» **DATA FOR REVIEW**:
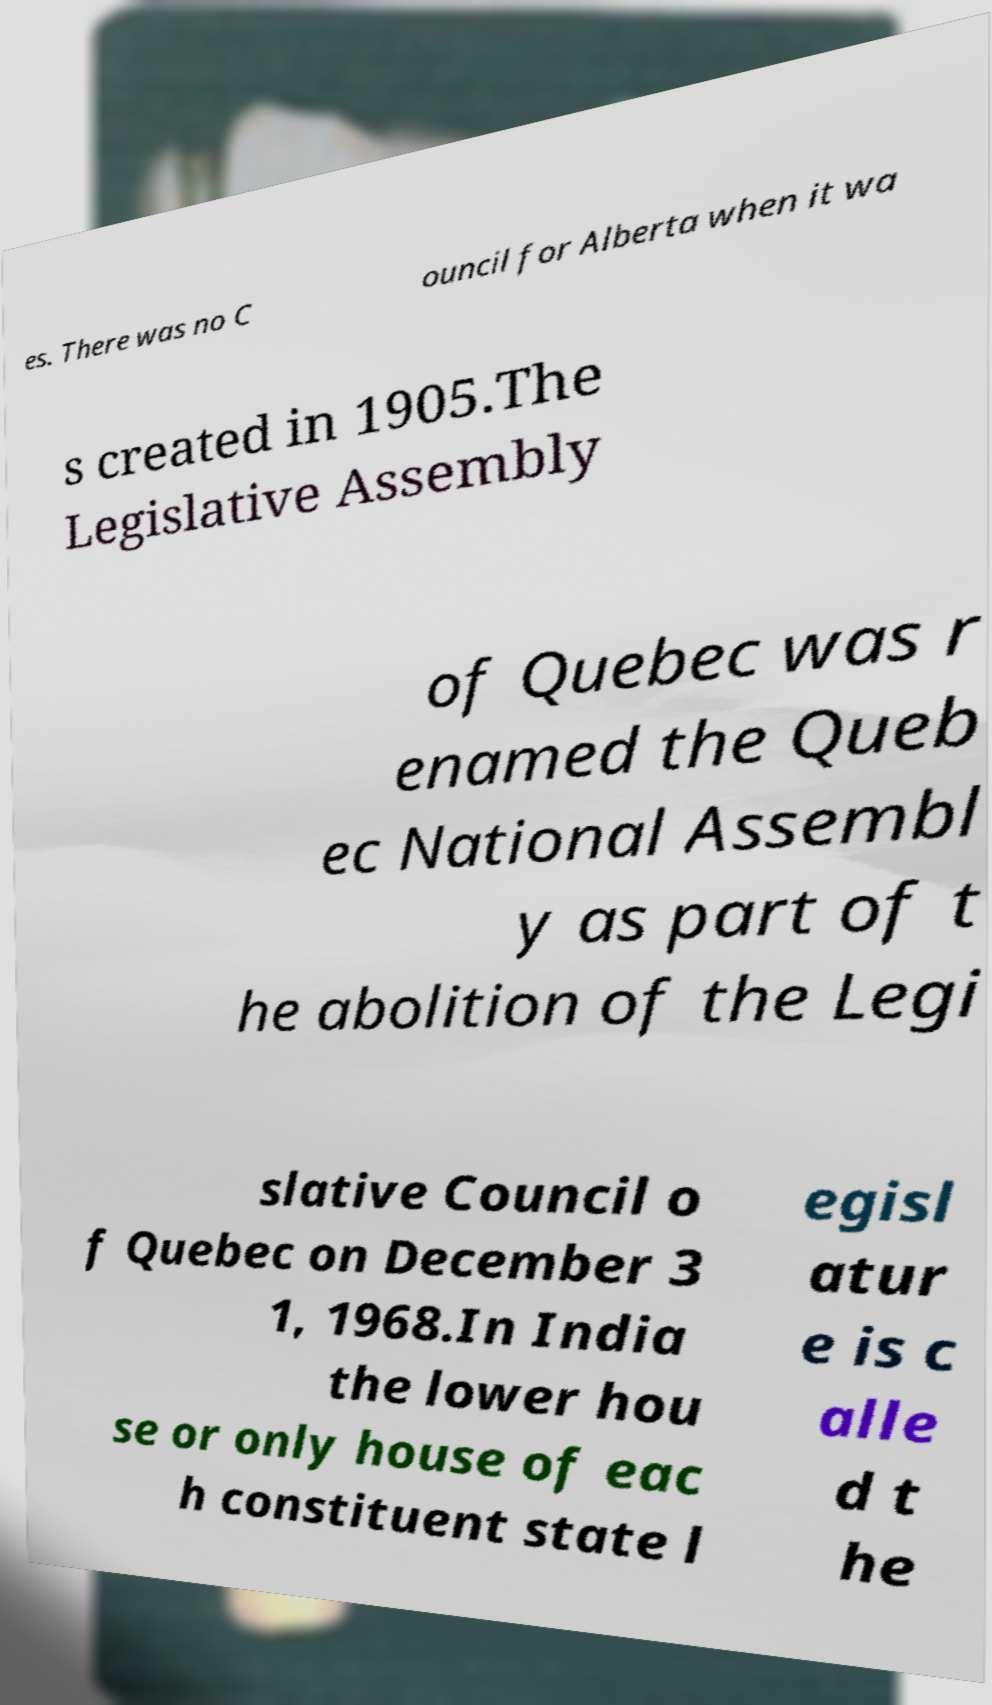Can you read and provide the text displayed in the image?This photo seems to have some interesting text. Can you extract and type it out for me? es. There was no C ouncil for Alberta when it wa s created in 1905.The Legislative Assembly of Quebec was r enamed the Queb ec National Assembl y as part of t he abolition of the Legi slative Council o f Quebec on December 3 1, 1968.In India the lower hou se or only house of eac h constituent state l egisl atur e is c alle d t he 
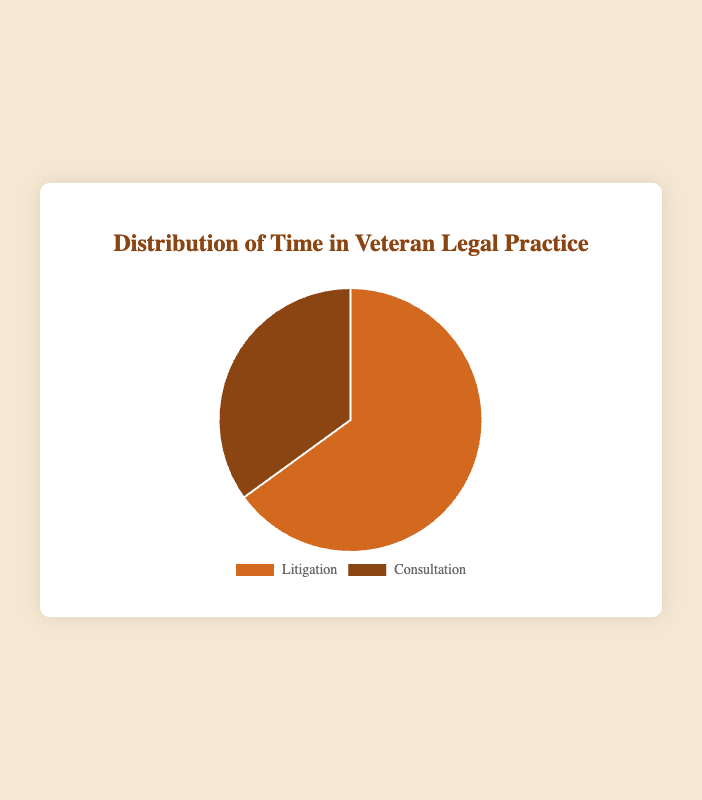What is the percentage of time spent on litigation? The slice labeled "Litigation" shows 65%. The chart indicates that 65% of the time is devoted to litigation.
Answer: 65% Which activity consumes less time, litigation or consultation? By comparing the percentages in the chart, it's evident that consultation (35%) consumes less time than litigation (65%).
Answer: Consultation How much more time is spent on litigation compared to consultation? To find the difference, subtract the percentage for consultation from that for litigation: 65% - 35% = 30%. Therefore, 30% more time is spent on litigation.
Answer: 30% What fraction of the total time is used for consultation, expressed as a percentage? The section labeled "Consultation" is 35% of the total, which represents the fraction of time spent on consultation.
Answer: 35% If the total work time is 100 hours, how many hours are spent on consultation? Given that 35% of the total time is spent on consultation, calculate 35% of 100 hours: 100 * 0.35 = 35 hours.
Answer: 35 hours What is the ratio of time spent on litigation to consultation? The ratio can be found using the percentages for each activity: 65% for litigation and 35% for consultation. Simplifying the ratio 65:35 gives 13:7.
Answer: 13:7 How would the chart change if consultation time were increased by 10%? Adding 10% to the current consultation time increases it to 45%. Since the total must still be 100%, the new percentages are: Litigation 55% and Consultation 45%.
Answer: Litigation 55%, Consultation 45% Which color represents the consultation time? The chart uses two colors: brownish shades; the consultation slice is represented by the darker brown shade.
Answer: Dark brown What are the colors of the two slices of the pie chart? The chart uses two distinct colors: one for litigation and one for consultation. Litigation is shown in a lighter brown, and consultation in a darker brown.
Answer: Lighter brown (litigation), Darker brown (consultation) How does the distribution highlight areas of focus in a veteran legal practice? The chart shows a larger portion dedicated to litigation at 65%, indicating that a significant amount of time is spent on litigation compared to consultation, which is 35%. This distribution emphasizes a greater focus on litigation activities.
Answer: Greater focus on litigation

» **YOUR GOAL**: Everything from the line with "Answer: 65% Which" through the line with "Answer: 35 hours" in the listing above must be retyped exactly, with nothing added.

» **ANSWER SECTION**:
Answer: 65% Which activity consumes less time, litigation or consultation? By comparing the percentages in the chart, it's evident that consultation (35%) consumes less time than litigation (65%).
Answer: Consultation How much more time is spent on litigation compared to consultation? To find the difference, subtract the percentage for consultation from that for litigation: 65% - 35% = 30%. Therefore, 30% more time is spent on litigation.
Answer: 30% What fraction of the total time is used for consultation, expressed as a percentage? The section labeled "Consultation" is 35% of the total, which represents the fraction of time spent on consultation.
Answer: 35% If the total work time is 100 hours, how many hours are spent on consultation? Given that 35% of the total time is spent on consultation, calculate 35% of 100 hours: 100 * 0.35 = 35 hours.
Answer: 35 hours What is the ratio of time spent on litigation to consultation? The ratio can be found using the percentages for each activity: 65% for litigation and 35% for consultation. Simplifying the ratio 65:35 gives 13:7.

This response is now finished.